On subtracting (2) from (3), we get
\(-13y – 5 = 0\)
=>\( -13y = 5\)
=> \(y = {{-5} \over {13}}\)

On putting value of y in (1), we get
\(3x – 5({{-5} \over {13}}) - 4 = 0\)
=>\( 3x = 4 - {{25} \over {13}}= {{52 - 25} \over {13}} = {{27} \over {13}}\)
=> \(x = {{27} \over {13(3)}} = {{9} \over {13}}\)
Therefore, x = \({{9} \over {13}}\) and y = \({{-5} \over {13}}\)

Substitution Method:
\(3x - 5y – 4 = 0\) … (1)
\(9x = 2y + 7\)… (2)

From equation (1), we can say that
\(3x = 4 + 5y => x = {{4 + 5y} \over {3}}\)
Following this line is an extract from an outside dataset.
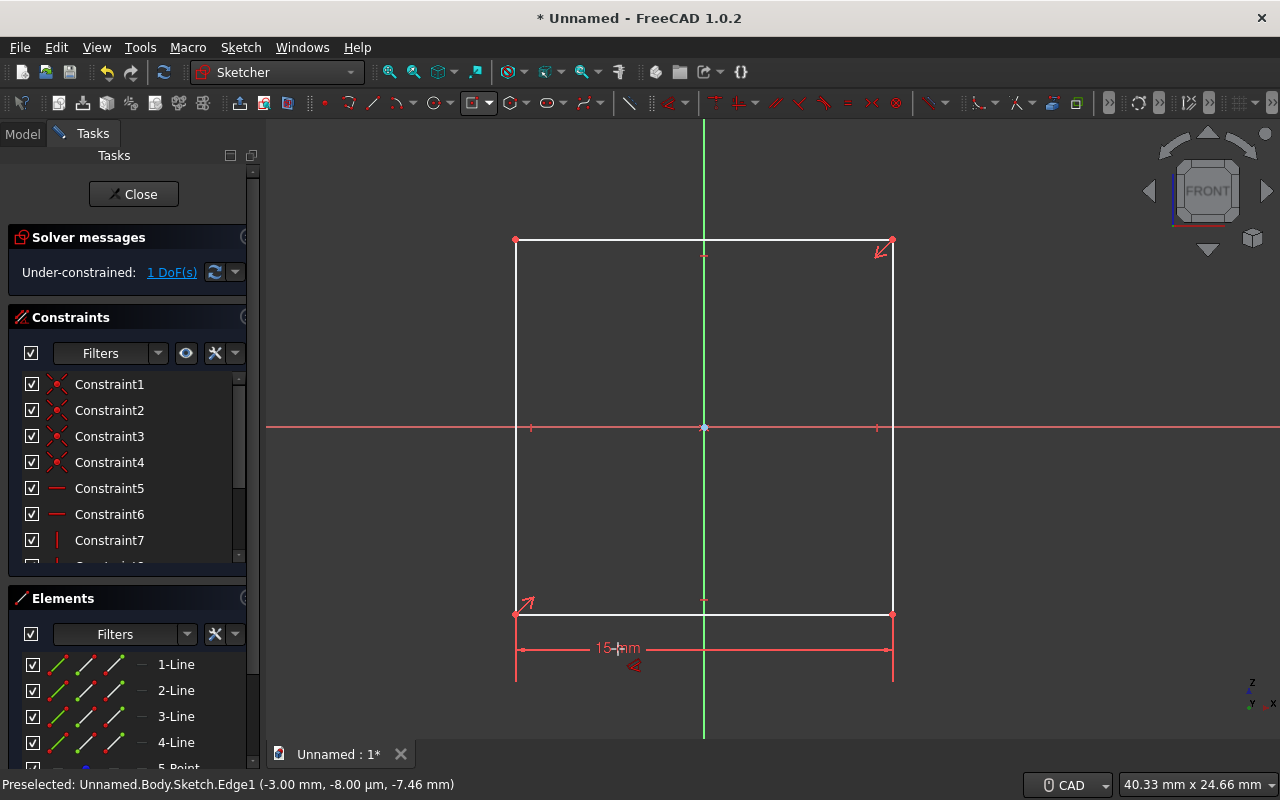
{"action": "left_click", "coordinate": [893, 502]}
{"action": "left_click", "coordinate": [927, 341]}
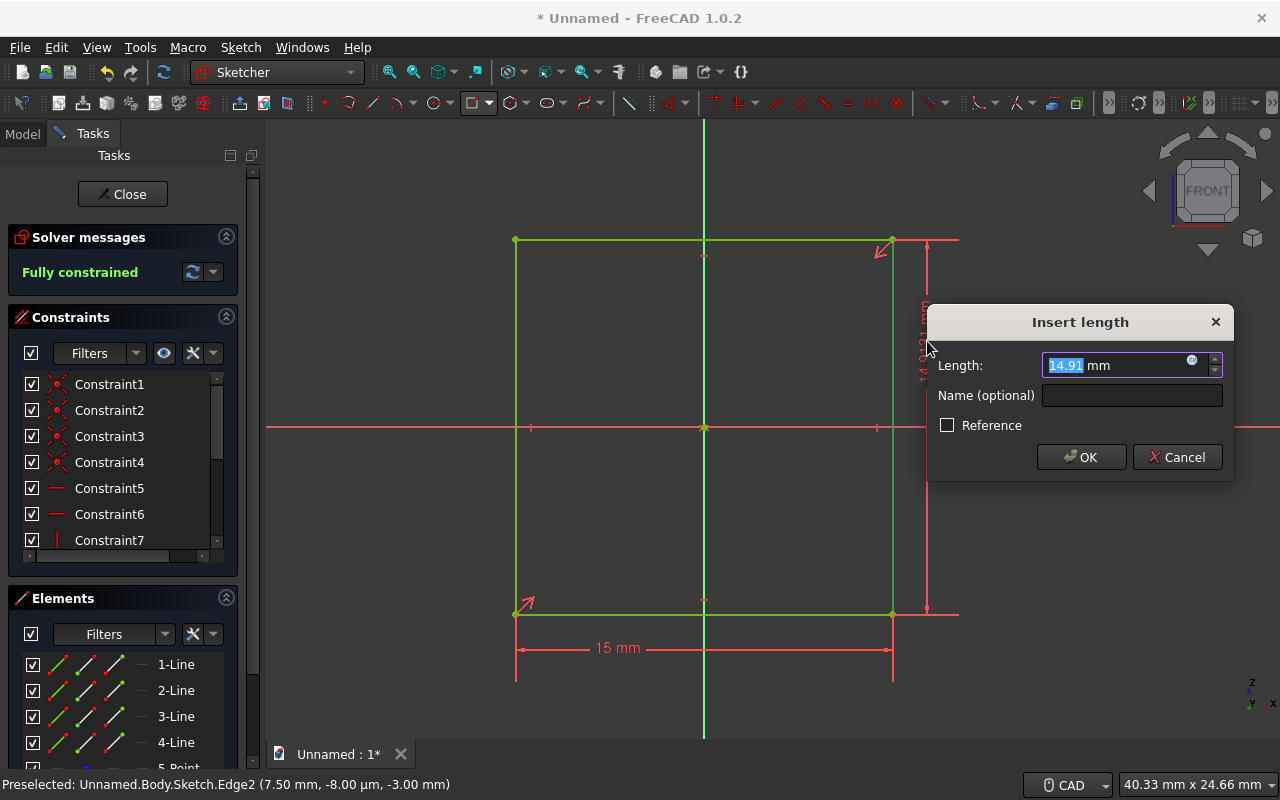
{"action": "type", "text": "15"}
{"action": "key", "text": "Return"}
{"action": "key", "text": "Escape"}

On putting this in equation (2), we get
\(9({{4 + 5y} \over {3}}) - 2y = 7\)
=>\( 12 + 15y - 2y = 7\)
=>\( 13y = -5 \)
\(y = {{-5} \over {13}}\)

On putting value of y in (1), we get
\(3x – 5 ({{-5} \over {13}})= 4\)
=>\( 3x = 4 - {{25} \over {13}} = {{52 - 25} \over {13}} = {{27} \over {13}}\)
=>\( x = {{27} \over {13(3)}} = {{9} \over {13}}\)

Therefore, x = \({{9} \over {13}}\) and y = \({{-5} \over {13}}\)

(iv)\({{x}\over{2}} + {{2y}\over{3}} = -1\) … (1)
\( x - {{y}\over{3}} = 3\)… (2)

Elimination method:

On multiplying equation (2) by 2, we get (3)

\( 2x - {{2y}\over{3}} = 6\)… (3)
\({{x}\over{2}} + {{2y}\over{3}} = -1\)… (1)

Adding (3) and (1), we get

\({{5x}\over{2}} = 5 => x = 2\)

On putting value of x in (2), we get
\(2 - {{y}\over{3}} = 3\)
=>\( y = -3\)

Therefore, x = 2 and y = -3

Substitution method:

\({{x}\over{2}} + {{2y}\over{3}} = -1\) … (1)
\( x - {{y}\over{3}} = 3\)… (2)

From equation (2), we can say that
=> \(x = 3 + {{y}\over{3}} = {{9 + y}\over{3}}\)

Putting this in equation (1), we get
=>\({{9 + y}\over{6}} + {{2y}\over{3}} = -1\)
=>\({{9 + y + 4y}\over{6}} = -1 \)
=>\(5y + 9 = -6\)
=>\(5y = -15 \)
=>\(y = -3\)

Putting value of y in (1), we get
=>\({{x}\over{2}} + {{2(-3)}\over{3}} = -1\)
=>\(x = 2\)

So, the value of \(y = -3\) and \(x = 2\).